I'll be upfront and say I don't know a whole lot of DSP theory, but it seems like your first suggestion wouldn't work. Correct me if I'm wrong, but it seems like you're saying to do this all in the time domain (by the "look at all the times the signal crosses the zero" comment). But when in the time domain, applying a band pass filter doesn't make sense because the BPF implies, as you said, is centered about a specific frequency, i.e., it's defined for the frequency domain of the spectrum you obtain after transforming the signal. Plus, if you are in the time domain and do count the number of zero crossings when windowing a portion of the signal, that might not give you a good estimate if the signal begins containing many partials which will cause interference, resulting in many zero crossings across one period of the fundamental.

The second idea though should work. Your fundamental ought to be the largest peak in your frequency spectrum, which as was said is obtained by FFTing the signal. Using your list of frequencies for notes, you can see if the peak you found relates to one of those frequencies or a frequency that's n octaves above/below your reference frequency. I have no idea though on the efficiency of such an algorithm.
Once I made a simple tuner for my guitar. I used FFTW to apply a fourier transformate to get the frequencies spectrum. Then I get the freq. with the higher amplitude. At least, IIRC. If you search here in GD you could find my old topics and the answers I've got.
Indeed, the only 'safe' way to do this is to analyse the frequency spectrum. There are many resources out there regarding the Fourier transform (in particular, the FFT), which you can cannibalise to reasonable effect, but I recommend you first take a search on what is known as the Q-transform, as it's precisely what you need.

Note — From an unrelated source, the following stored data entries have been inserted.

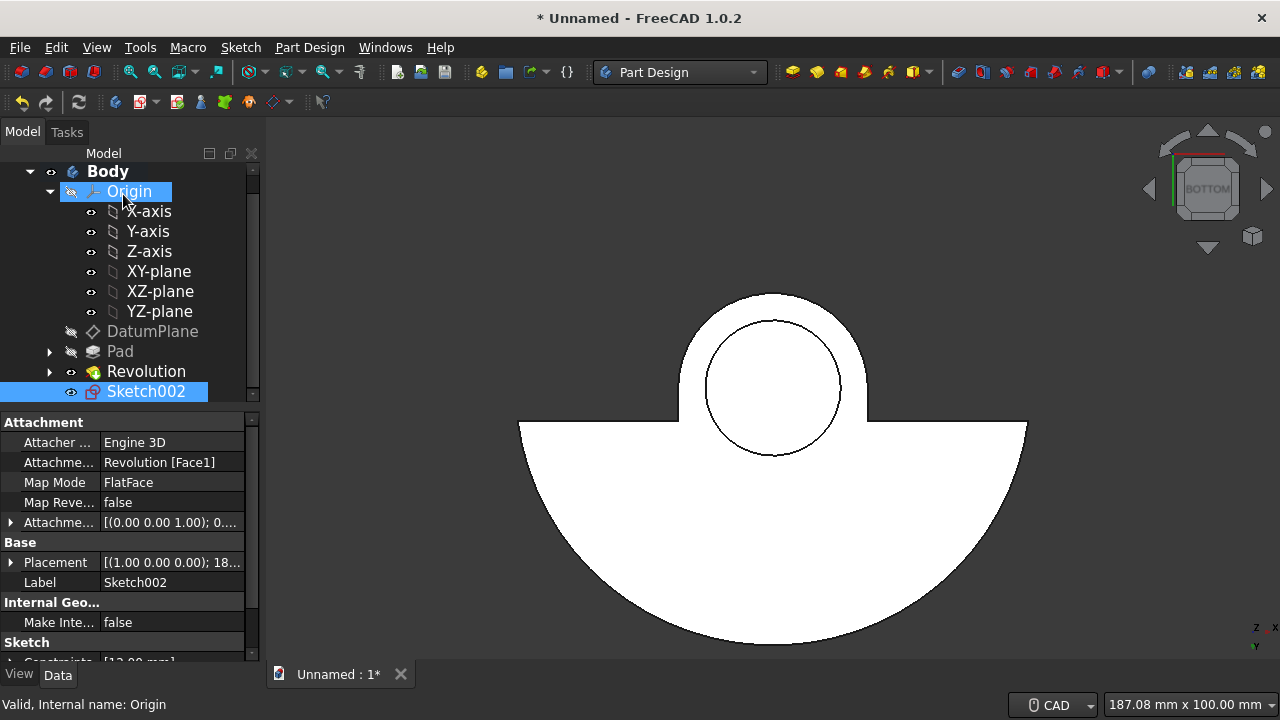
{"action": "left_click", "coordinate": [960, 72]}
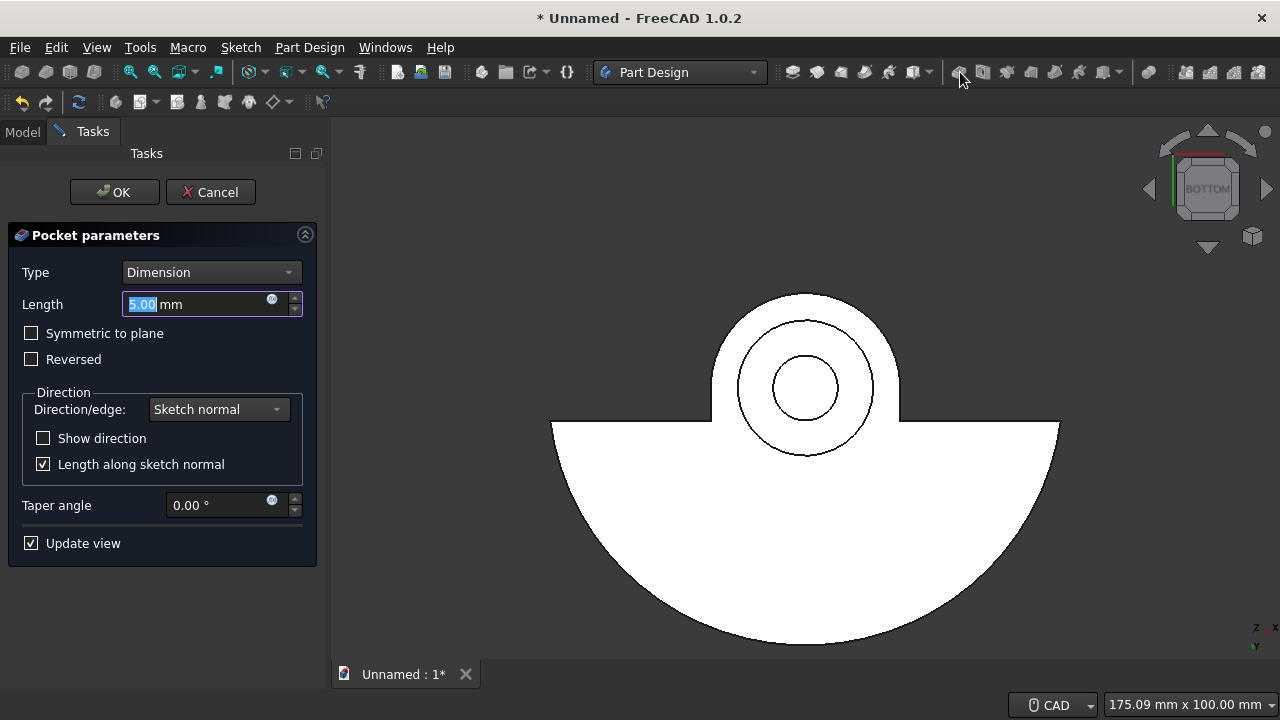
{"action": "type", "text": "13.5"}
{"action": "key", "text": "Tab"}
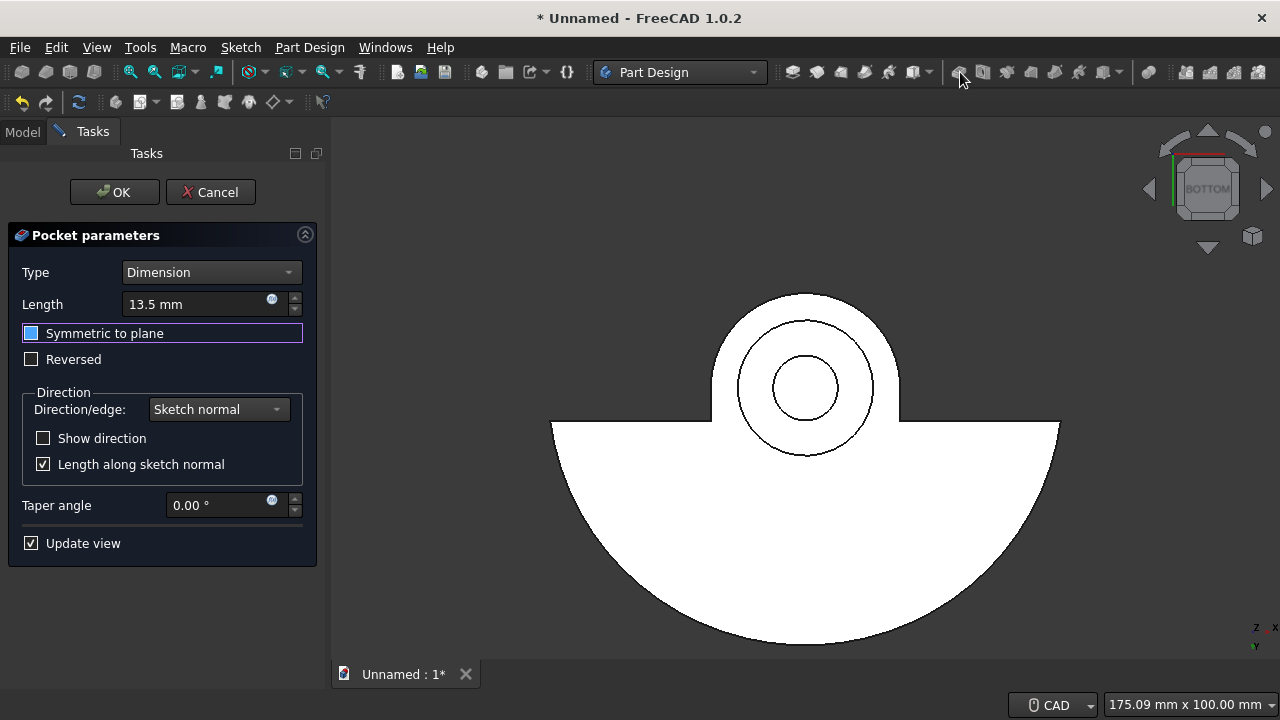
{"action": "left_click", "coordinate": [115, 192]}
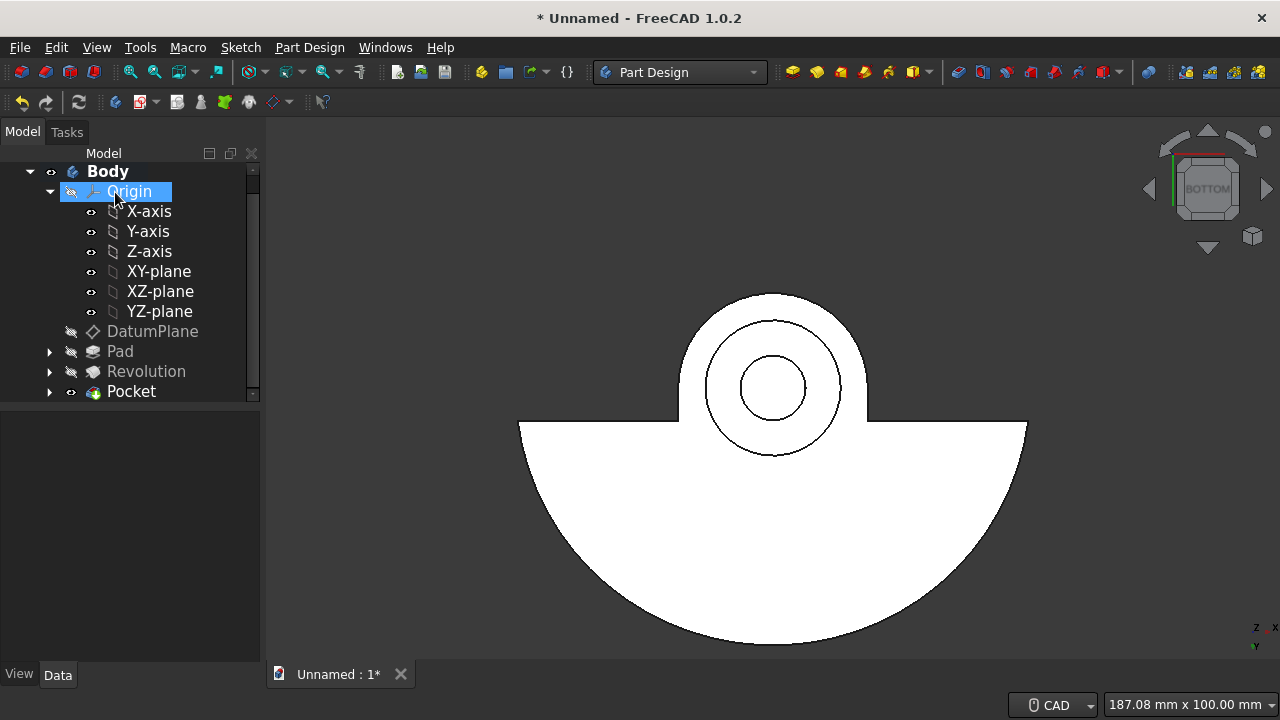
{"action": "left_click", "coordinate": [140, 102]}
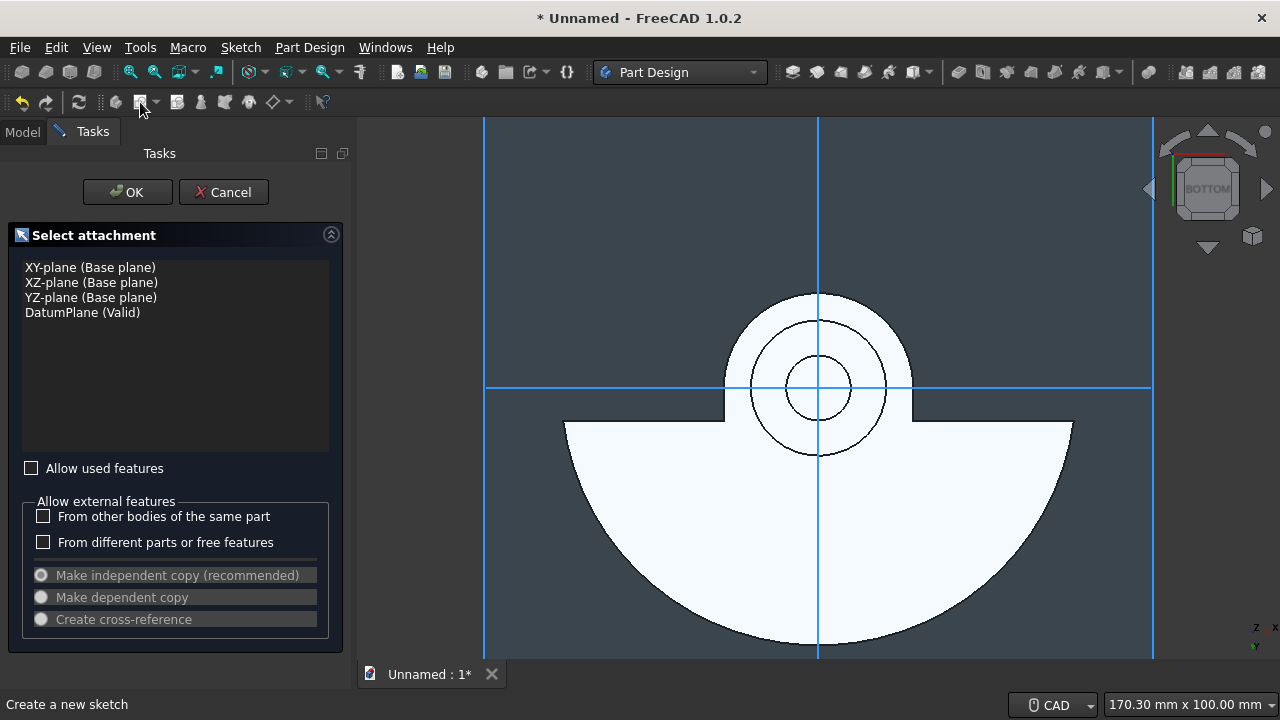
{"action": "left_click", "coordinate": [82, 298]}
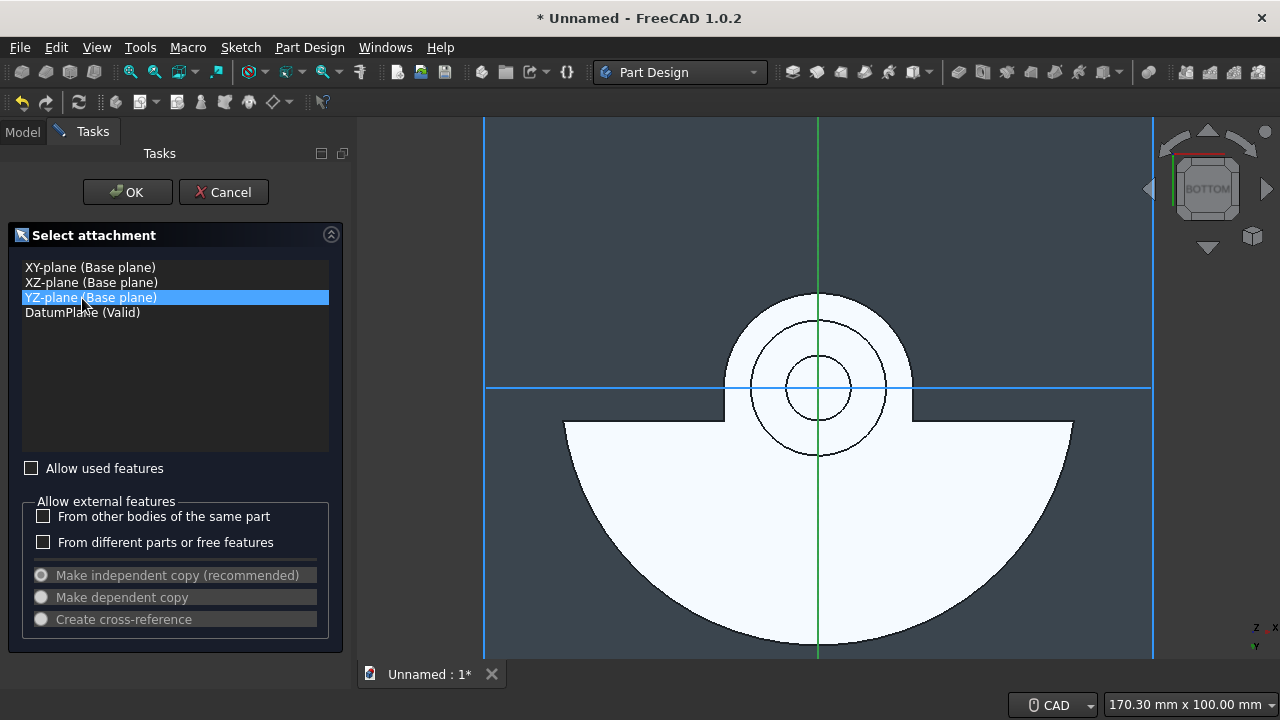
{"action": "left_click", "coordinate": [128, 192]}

The Q-transform is very similar to the discrete Fourier-transform, only the filters are geometrically-spaced, so that the resulting function represents notes, rather than frequencies. Given a Q-transform of your sample, you need only find the peak value, and you'll know which note is dominant.

However, I have no idea how much source code you'll find on the topic, so you may have to make do with a FFT. The Fourier-transform of a data set can be converted quickly into a Q-transform, as described in this paper, but you may get away with a rough approximation such as summing the first few octaves under respective band-pass-filters.
There are a good few fast Fourier-transform libraries out there, though I never found one I was truly happy with. If I had to recommend, I'd choose FFTW for power and flexibility, or Laurent de Sora's FFTReal for ease-of-use.

Admiral
Ring3 Circus - Diary of a programmer, journal of a hacker.